17 novembre 2016

Tout s'explique

Le programme économique des candidats de droite

Sur quels sujets y a-t-il un consensus ?

Les sept candidats à la primaire de la droite débattront ce soir lors d’une troisième émission télévisée. L’échéance peut s’avérer décisive à trois jours d’un premier tour incertain. Leurs programmes économiques respectifs sont très proches. Quasiment tous se proposent pour une harmonisation des régimes de retraite du public et du privé ou la fin des 35 heures. Les candidats sont tous d’accord pour relever l’âge légal de départ à la retraite actuellement fixé à 62 ans. Ils penchent également pour une réduction du nombre de fonctionnaires et des conditions plus avantageuses sur les droits de succession. Les candidats promettent également moins d’impôts, de cotisations patronales et de dépenses publiques. Enfin, la plupart d’entre eux prévoient un déficit public supérieur à 3 % du PIB lors des premières années du quinquennat.

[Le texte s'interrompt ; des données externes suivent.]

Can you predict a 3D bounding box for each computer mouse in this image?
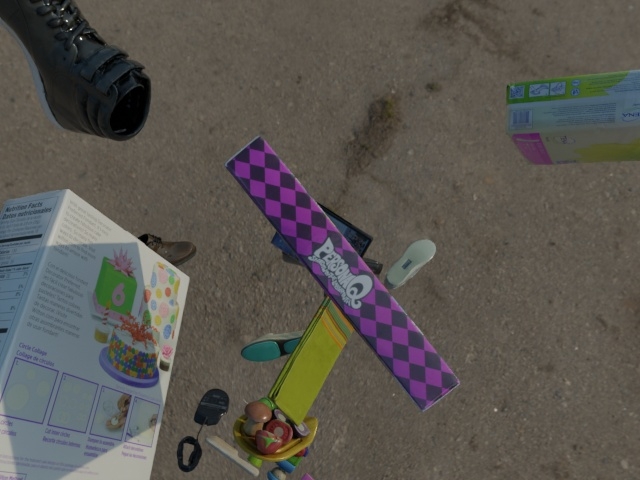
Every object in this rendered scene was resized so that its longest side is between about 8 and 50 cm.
[{"bbox_3d":[-0.260,0.420,1.137,0.071,0.041,0.242,13,25,4],"label":"computer mouse"}]

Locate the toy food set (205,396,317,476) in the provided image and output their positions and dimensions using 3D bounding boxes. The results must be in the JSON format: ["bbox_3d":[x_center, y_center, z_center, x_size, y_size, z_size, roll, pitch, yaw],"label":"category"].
[{"bbox_3d":[-0.089,0.339,0.955,0.128,0.071,0.218,28,20,29],"label":"toy food set"}]

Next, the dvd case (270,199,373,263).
[{"bbox_3d":[0.000,0.000,1.424,0.253,0.180,0.022,34,23,12],"label":"dvd case"}]

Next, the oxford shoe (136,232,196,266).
[{"bbox_3d":[-0.448,0.026,1.400,0.227,0.096,0.082,-9,44,-32],"label":"oxford shoe"}]

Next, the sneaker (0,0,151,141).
[{"bbox_3d":[-0.283,-0.241,0.594,0.147,0.295,0.104,19,51,18],"label":"sneaker"}]

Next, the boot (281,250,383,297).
[{"bbox_3d":[0.026,0.147,1.591,0.339,0.118,0.222,12,95,-12],"label":"boot"}]

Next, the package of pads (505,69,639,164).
[{"bbox_3d":[0.479,-0.208,0.927,0.229,0.297,0.101,2,88,30],"label":"package of pads"}]

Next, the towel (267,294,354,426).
[{"bbox_3d":[0.002,0.182,0.850,0.021,0.102,0.237,5,51,41],"label":"towel"}]

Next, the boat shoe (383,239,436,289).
[{"bbox_3d":[0.289,0.080,1.692,0.228,0.081,0.079,-38,77,-24],"label":"boat shoe"}]

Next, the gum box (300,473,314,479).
[{"bbox_3d":[0.009,0.382,0.605,0.188,0.062,0.107,37,64,22],"label":"gum box"}]

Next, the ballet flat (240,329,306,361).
[{"bbox_3d":[-0.124,0.321,1.594,0.249,0.086,0.086,-7,60,-3],"label":"ballet flat"}]

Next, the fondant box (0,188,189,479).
[{"bbox_3d":[-0.279,0.145,0.576,0.096,0.238,0.330,-6,60,20],"label":"fondant box"}]

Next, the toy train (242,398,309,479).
[{"bbox_3d":[-0.171,0.605,1.525,0.248,0.105,0.143,35,80,1],"label":"toy train"}]

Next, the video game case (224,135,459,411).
[{"bbox_3d":[0.018,0.029,0.467,0.042,0.210,0.232,-39,86,-1],"label":"video game case"}]
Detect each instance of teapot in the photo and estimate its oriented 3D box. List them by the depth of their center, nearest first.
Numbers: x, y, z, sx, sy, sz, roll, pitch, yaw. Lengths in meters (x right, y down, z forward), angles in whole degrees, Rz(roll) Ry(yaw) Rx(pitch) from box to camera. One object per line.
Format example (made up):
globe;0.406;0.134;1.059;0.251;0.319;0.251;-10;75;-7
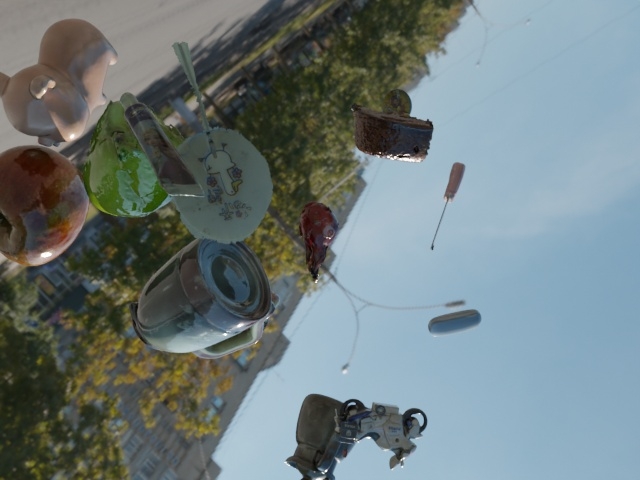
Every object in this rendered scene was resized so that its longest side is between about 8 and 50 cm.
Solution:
teapot;-0.274;0.167;1.506;0.312;0.315;0.233;-31;-143;28
teapot;0.026;0.674;2.079;0.305;0.223;0.285;-7;-130;51

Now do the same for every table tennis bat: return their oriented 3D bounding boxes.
table tennis bat;0.231;-0.401;1.998;0.019;0.100;0.155;-37;158;-47

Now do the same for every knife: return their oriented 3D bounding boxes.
knife;0.375;-0.110;1.870;0.081;0.043;0.336;93;17;-51

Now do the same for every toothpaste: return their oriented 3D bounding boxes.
toothpaste;-0.234;-0.137;0.906;0.062;0.216;0.037;-6;140;-44

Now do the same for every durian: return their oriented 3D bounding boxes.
durian;-0.411;-0.169;1.401;0.340;0.204;0.256;-51;-135;43

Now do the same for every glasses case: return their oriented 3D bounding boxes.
glasses case;0.438;0.269;2.081;0.178;0.067;0.045;-11;-149;-7

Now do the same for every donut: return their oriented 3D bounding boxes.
donut;0.171;-0.264;1.595;0.186;0.126;0.144;2;-156;-7

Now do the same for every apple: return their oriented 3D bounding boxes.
apple;-0.740;-0.102;1.664;0.301;0.301;0.301;-38;-168;10

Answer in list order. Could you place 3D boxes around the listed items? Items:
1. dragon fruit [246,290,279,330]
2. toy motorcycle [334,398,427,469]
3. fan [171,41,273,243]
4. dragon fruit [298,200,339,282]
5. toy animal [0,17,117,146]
dragon fruit;-0.276;0.189;1.758;0.290;0.290;0.189;-9;-121;67
toy motorcycle;0.137;0.456;1.504;0.102;0.221;0.150;151;-51;-88
fan;-0.220;-0.195;1.288;0.233;0.415;0.012;-18;-174;-35
dragon fruit;0.000;0.000;1.469;0.094;0.190;0.094;-4;171;-1
toy animal;-0.645;-0.393;1.584;0.237;0.326;0.269;16;-173;29

Quels sont les principaux désaccords ?

Les candidats se distinguent par l’ampleur de leurs réformes. S’ils sont favorables à l’augmentation du taux de TVA (le taux normal est actuellement fixé à 20 %), Alain Juppé, François Fillon et Jean-François Copé veulent respectivement le faire passer à 21 %, 22 % et 23 %. Ils sont également tous d’accord pour que les fonctionnaires travaillent davantage, mais Bruno Le Maire souhaite encourager les heures supplémentaires quand Jean-François Copé et François Fillon suggèrent de fixer le temps de travail hebdomadaire à 39 heures. Jean-François Copé plaide pour une baisse des dépenses publiques de 81 milliards d’euros en cinq ans alors que Nathalie Kosciusko-Morizet, François Fillon, Nicolas Sarkozy et Alain Juppé souhaitent aller jusqu’à 100 milliards.

Quelles sont les propositions les plus originales ?

Les candidats les moins plébiscités par les sondages sont aussi ceux qui présentent le plus de propositions inédites. Jean-Frédéric Poisson veut notamment interdire la présentation d’un budget de l’État en déficit. Nathalie Kosciusko-Morizet se distingue des autres candidats par son souhait de maintenir l’impôt sur la fortune et d’instaurer un taux unique de 20 % pour l’impôt sur le revenu. Chaque personne, qu’elle soit au chômage ou en emploi, bénéficierait en contrepartie d’un revenu universel de 470 euros.